Our Shared Planet

Jul 10th, 2022 | By | Category: Environment/Sustainability

By Suzanne York.

[Image credit: Image by ejaugsburg from Pixabay]

[Image credit: Image by ejaugsburg from Pixabay]

Most people learn about the importance of sharing at a young age.  It is a crucial behavior trait to learn for the good of individuals and society.  It is also critical to understand the role of sharing from a planetary perspective.  Human beings – nearly all 8 billion – share the Earth with other species.  An obvious statement but one that seems to get overlooked.

The world is facing innumerable crises and we need long-lasting, sustainable, rights-based and transformative change now, grounded in an understanding of a shared planet.  This World Population Day (July 11th) offers an opportunity to engage people on our many global challenges.

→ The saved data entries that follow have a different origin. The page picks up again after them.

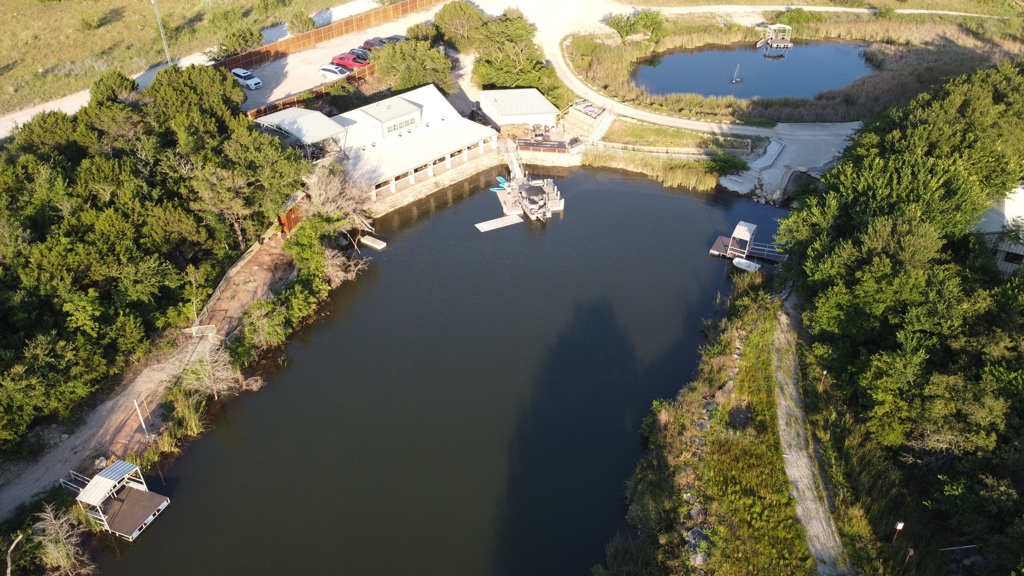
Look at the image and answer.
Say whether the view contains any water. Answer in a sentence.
Yes, water shows up in the scene.
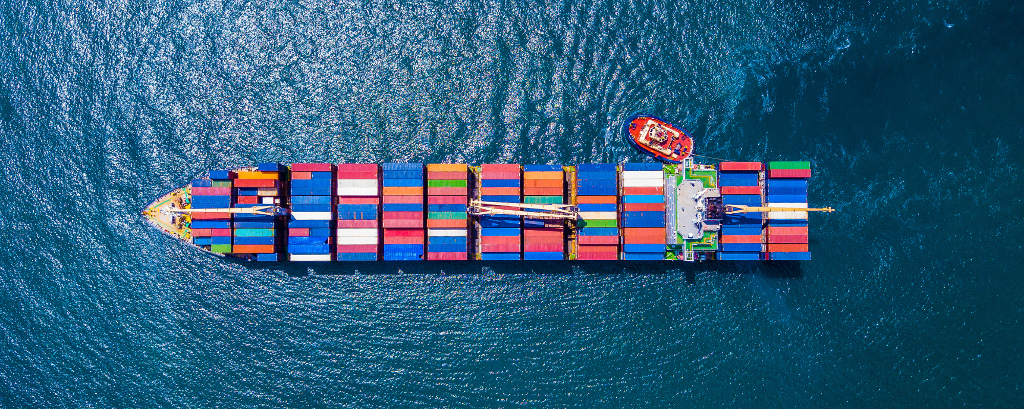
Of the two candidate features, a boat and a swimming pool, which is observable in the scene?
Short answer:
boat
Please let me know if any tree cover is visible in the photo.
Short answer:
No
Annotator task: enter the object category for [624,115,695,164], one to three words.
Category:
boat
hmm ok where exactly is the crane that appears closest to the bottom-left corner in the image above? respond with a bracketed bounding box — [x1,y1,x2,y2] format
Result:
[156,204,292,217]
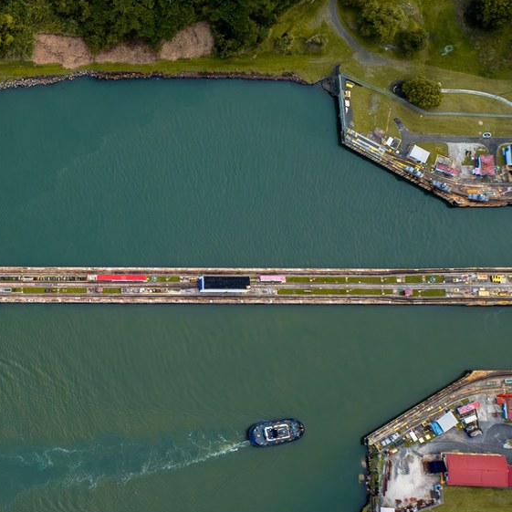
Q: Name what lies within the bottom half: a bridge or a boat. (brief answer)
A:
boat
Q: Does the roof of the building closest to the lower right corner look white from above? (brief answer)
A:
No
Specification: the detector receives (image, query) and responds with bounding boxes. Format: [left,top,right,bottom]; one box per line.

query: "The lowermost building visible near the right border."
[439,453,512,487]
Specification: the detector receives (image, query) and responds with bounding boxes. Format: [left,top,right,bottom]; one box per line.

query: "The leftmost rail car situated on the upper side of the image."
[404,165,425,178]
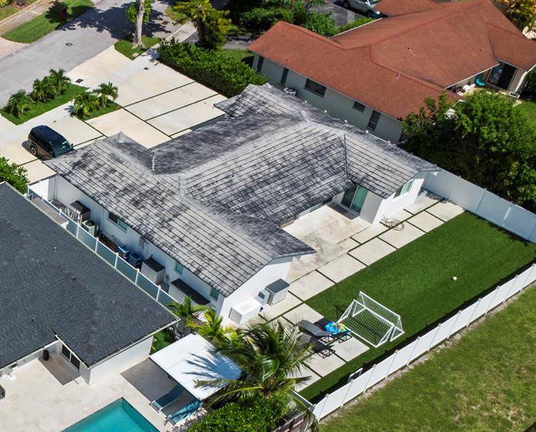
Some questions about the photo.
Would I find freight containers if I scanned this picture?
No
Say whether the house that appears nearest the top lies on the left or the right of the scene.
right
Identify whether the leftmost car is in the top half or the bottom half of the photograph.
top
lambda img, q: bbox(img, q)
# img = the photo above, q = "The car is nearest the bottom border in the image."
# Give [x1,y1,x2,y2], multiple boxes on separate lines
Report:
[27,122,80,161]
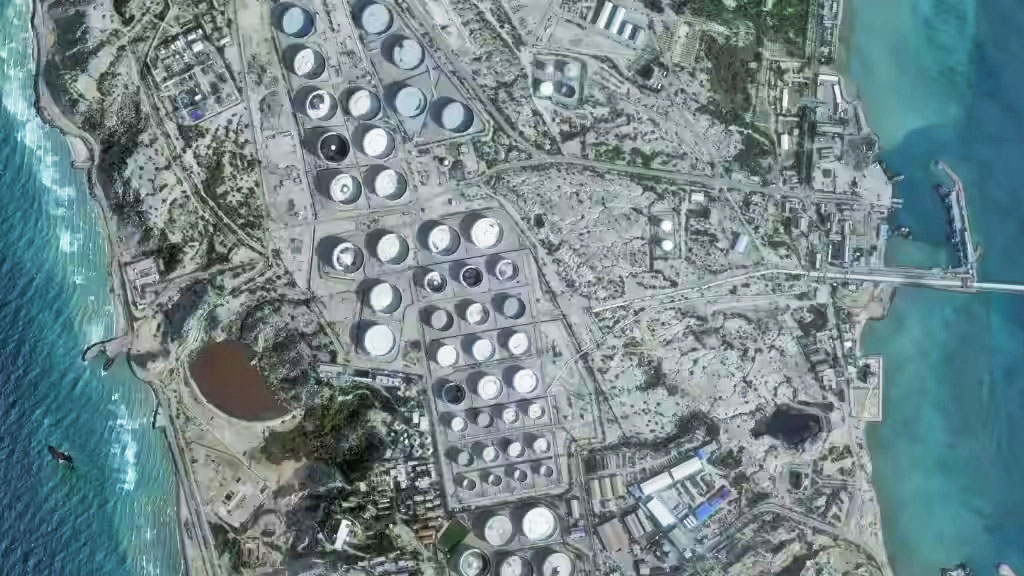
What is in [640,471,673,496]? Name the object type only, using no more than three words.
building
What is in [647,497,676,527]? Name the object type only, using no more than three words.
building
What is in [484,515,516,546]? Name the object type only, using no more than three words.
storage tank
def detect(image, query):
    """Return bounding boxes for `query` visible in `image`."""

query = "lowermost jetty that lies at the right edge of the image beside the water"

[812,271,1024,291]
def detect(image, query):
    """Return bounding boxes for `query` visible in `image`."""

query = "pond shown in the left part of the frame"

[190,340,290,419]
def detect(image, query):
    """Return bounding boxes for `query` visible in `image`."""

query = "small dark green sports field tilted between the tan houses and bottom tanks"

[436,517,472,553]
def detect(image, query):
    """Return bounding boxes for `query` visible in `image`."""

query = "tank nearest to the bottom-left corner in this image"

[363,324,396,357]
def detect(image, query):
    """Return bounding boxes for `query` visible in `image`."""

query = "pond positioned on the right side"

[752,403,822,448]

According to the United Nations Department of Economic and Social Affairs, “Even though the pace of global population growth will continue to decline in the coming decades, the world population is likely to be between 20 and 30 per cent larger in 2050 than in 2020.

The United Nations Population Fund noted the following important point:

While the populations of a growing number of countries are ageing and about 60 per cent of the world’s population live in countries with below-replacement fertility of 2.1 children per woman, other countries have huge youth populations and keep growing apace.  But focus should be on people, not population. Reducing people to numbers strips them of their humanity. Instead of making the numbers work for systems, make the systems work for the numbers by promoting the health and well-being of people. 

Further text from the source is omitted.